JP-A-5-255746 JP-A-6-336639 JP 2002-60894 A JP 2010-24504 A JP2007-32228A

Masanori Kowaka, Metal Corrosion Damage and Anticorrosion Technology, August 25, 1983, Agne Inc., 198 pages

  According to the invention described in Patent Document 4, it is said that the hardening of the heat affected zone of the weld is suppressed, and both the HIC resistance and the SSC resistance of the base material and the HAZ can be achieved, but Mo is an expensive element. Therefore, a technique for improving the hydrogen embrittlement resistance of HAZ without requiring a great deal of cost is desired.

  As described in Patent Document 5, PWHT has a certain effect, but in line pipe laying, efficiency is important, such as welding on an offshore ship, so PWHT is generally not implemented or applied In that case, it is desired to apply PWHT for a very short time.

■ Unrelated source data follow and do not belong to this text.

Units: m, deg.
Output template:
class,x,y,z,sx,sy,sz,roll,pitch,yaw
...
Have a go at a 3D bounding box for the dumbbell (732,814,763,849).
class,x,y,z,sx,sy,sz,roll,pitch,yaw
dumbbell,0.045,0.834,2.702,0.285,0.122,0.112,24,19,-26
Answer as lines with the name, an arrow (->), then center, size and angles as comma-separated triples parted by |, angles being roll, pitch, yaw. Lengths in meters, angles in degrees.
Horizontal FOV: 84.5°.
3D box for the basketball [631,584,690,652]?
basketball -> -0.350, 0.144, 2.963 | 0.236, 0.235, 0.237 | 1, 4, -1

  An object of the present invention is to provide a low alloy steel in which PWHT, particularly HAZ subjected to short-time PWHT, has excellent hydrogen embrittlement resistance in a wet hydrogen sulfide environment.

  In order to clarify the necessary conditions in order to improve the HAZ hydrogen embrittlement resistance of the steel material subjected to PWHT, the present inventors first investigated the hydrogen embrittlement of the as-welded HAZ. As a result, hydrogen embrittlement of HAZ is considered to occur by the following mechanism.

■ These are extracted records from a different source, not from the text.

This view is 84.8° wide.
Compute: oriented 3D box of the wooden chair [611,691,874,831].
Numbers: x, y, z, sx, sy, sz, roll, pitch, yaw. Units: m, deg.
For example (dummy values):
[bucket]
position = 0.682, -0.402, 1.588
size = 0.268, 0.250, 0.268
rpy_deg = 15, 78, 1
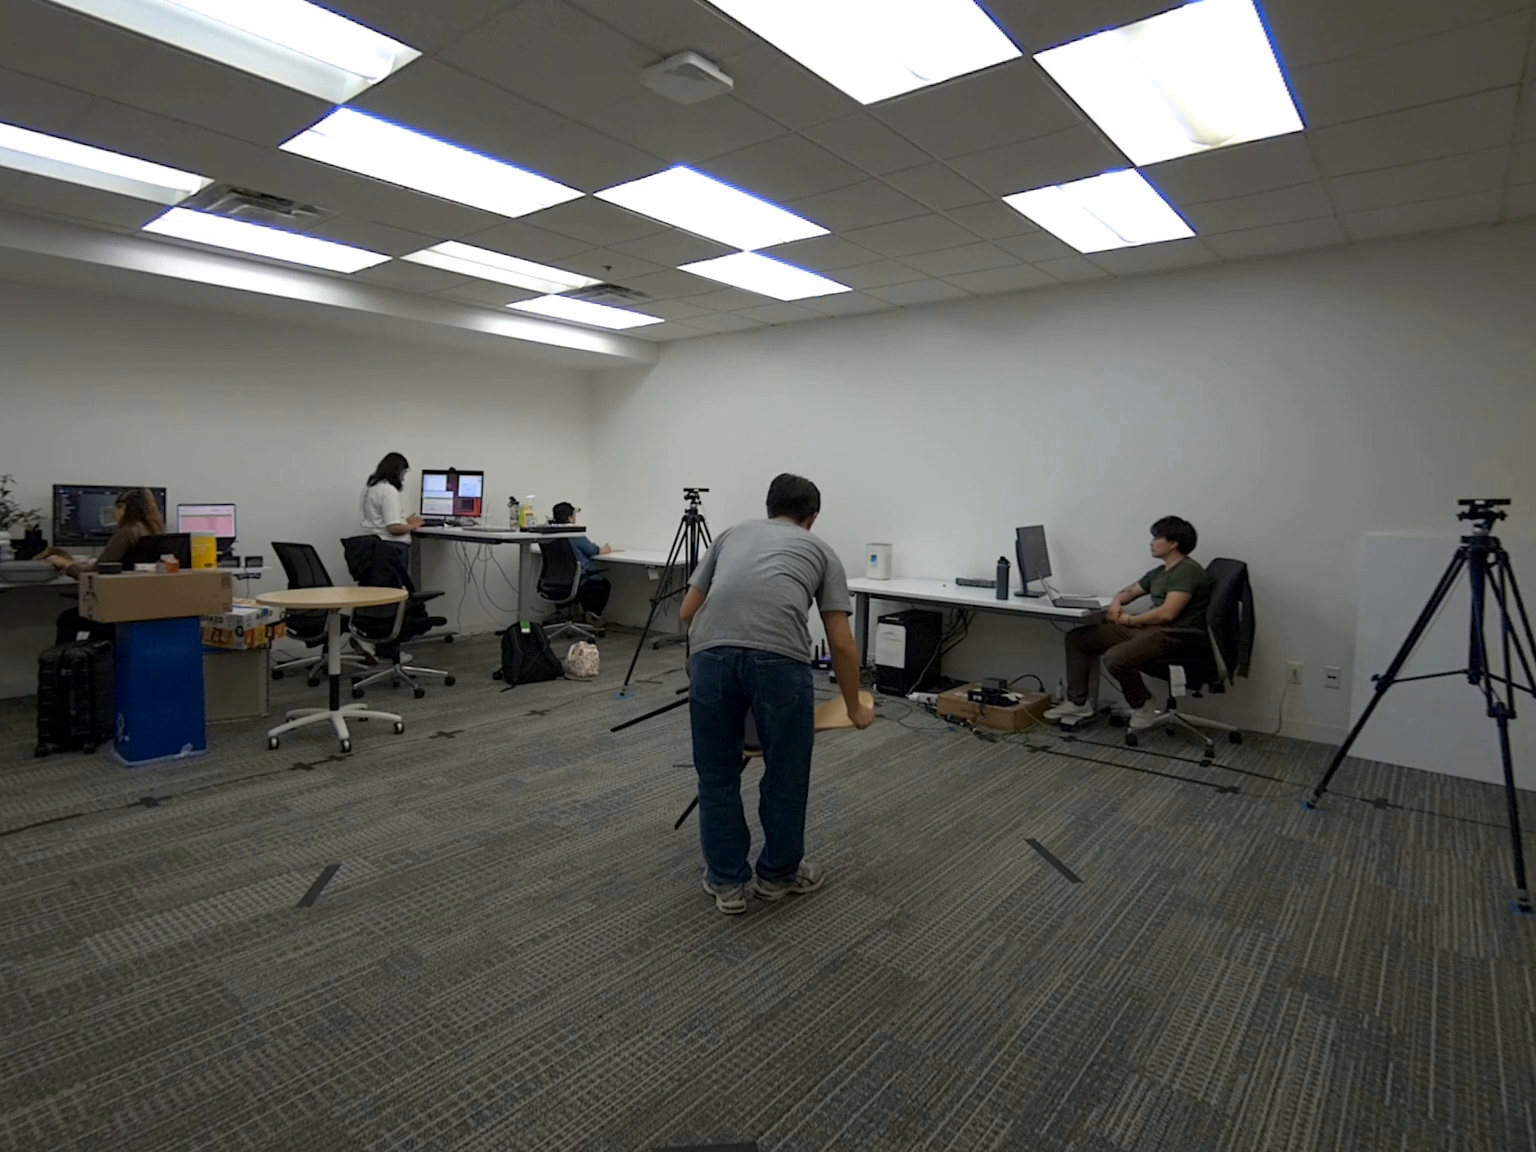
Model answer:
[wooden chair]
position = -0.112, 0.495, 3.236
size = 0.884, 0.529, 0.469
rpy_deg = -35, -8, 32
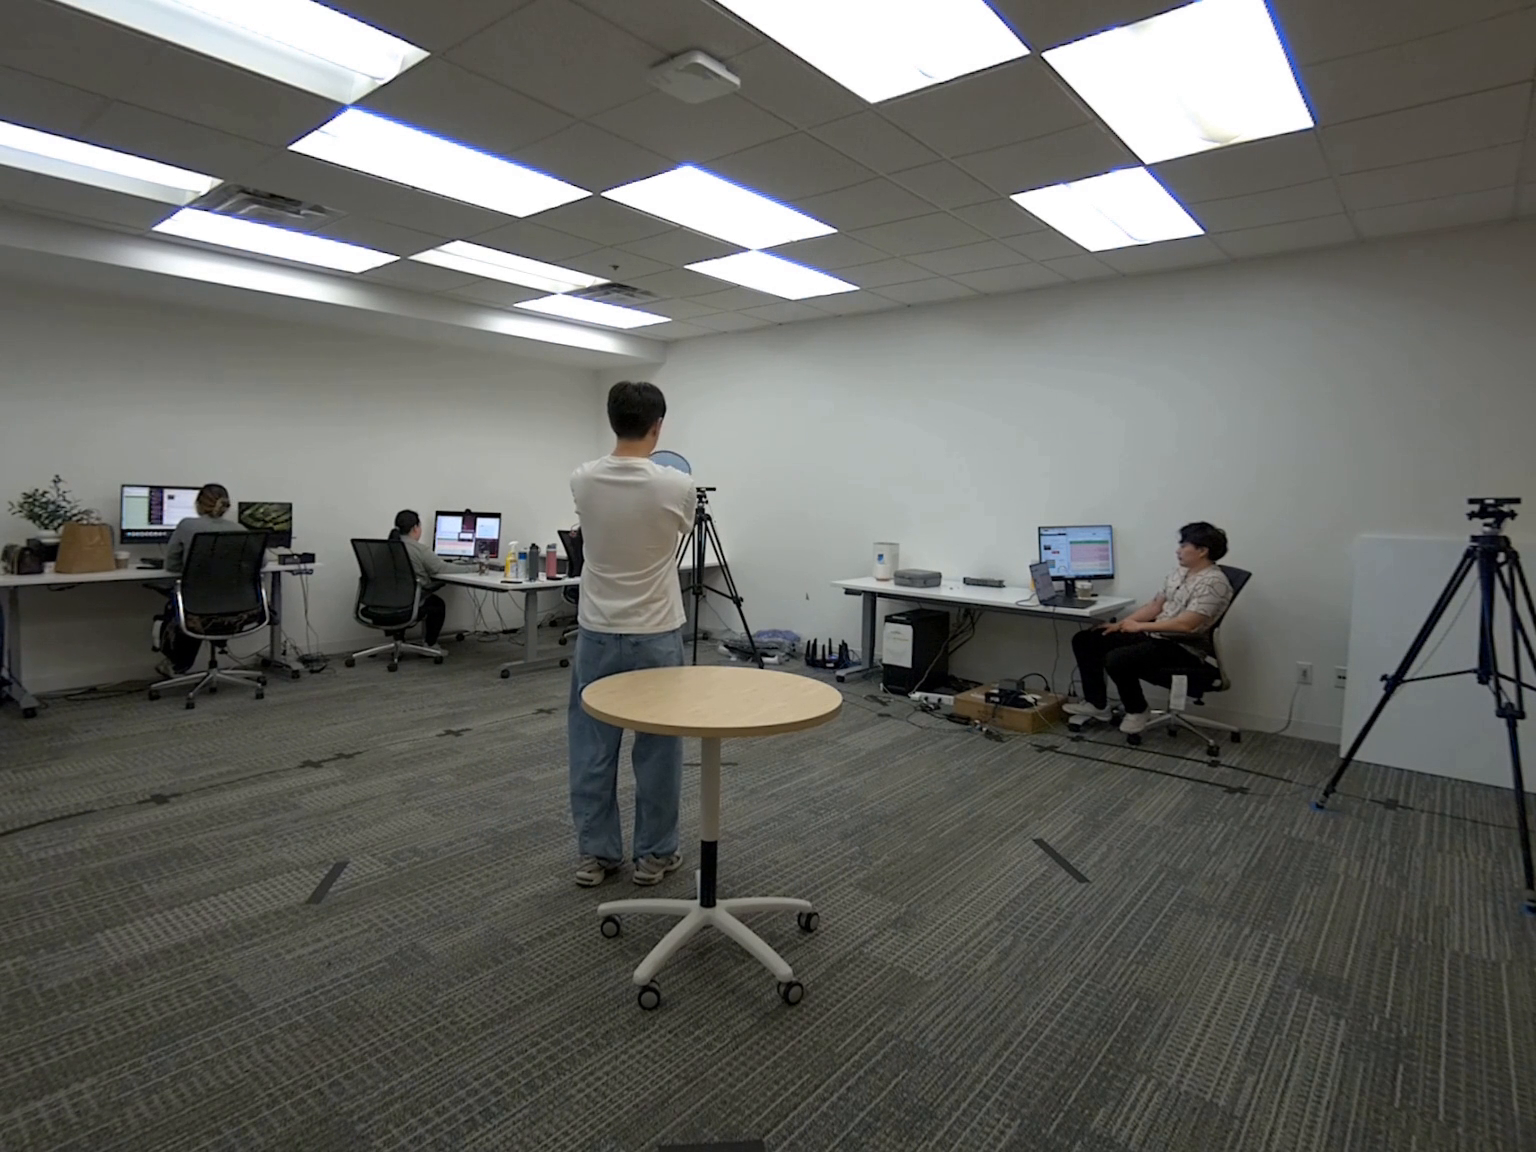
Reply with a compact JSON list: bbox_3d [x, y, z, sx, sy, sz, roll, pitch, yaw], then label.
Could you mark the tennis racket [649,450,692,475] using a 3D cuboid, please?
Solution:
[{"bbox_3d":[-0.428,-0.406,3.672,0.211,0.031,0.445,8,42,-9],"label":"tennis racket"}]

  That is, when steel is exposed to a corrosive environment containing hydrogen sulfide, hydrogen penetrates into the steel due to the corrosion reaction. This hydrogen is called diffusible hydrogen, which can move freely in the crystal lattice of steel. The invading diffusible hydrogen accumulates in dislocations or vacancies, which are one type of defects in the crystal lattice, and lattice strain at the interface between a carbide such as cementite and the substrate, and embrittles the steel. In particular, HAZ is heated to a high temperature due to the thermal history of welding, rapidly cooled, and becomes an as-quenched martensite or bainite structure. The pores are present at high density, and the cementite is dispersed. Therefore, it is considered that HAZ is more susceptible to hydrogen embrittlement than the base material.

  When PWHT is applied, the density of dislocations or vacancies is reduced, and softening proceeds while cementite precipitates. Therefore, when sufficient softening does not occur in a short time PWHT, it is considered that the effect of reducing hydrogen embrittlement susceptibility is not significant due to a trade-off with precipitation of cementite.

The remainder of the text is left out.